# [INSTRUCTIONS TO FOLLOW]
Transcribe the whole listing without a single picture.

○ ○ ○ ○ ○

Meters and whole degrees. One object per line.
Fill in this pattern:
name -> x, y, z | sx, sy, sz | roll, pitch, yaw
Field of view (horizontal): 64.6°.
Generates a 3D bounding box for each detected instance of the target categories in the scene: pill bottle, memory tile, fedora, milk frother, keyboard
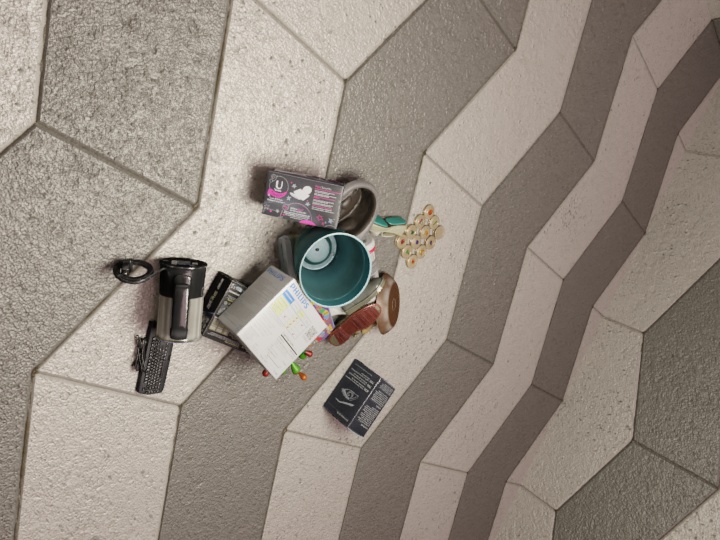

○ ○ ○ ○ ○

# [SOLUTION TO THIS EXERCISE]
Meters and whole degrees. One object per line.
Fill in this pattern:
name -> x, y, z | sx, sy, sz | roll, pitch, yaw
Field of view (horizontal): 64.6°.
Generates a 3D bounding box for each detected instance of the target categories in the scene: pill bottle, memory tile, fedora, milk frother, keyboard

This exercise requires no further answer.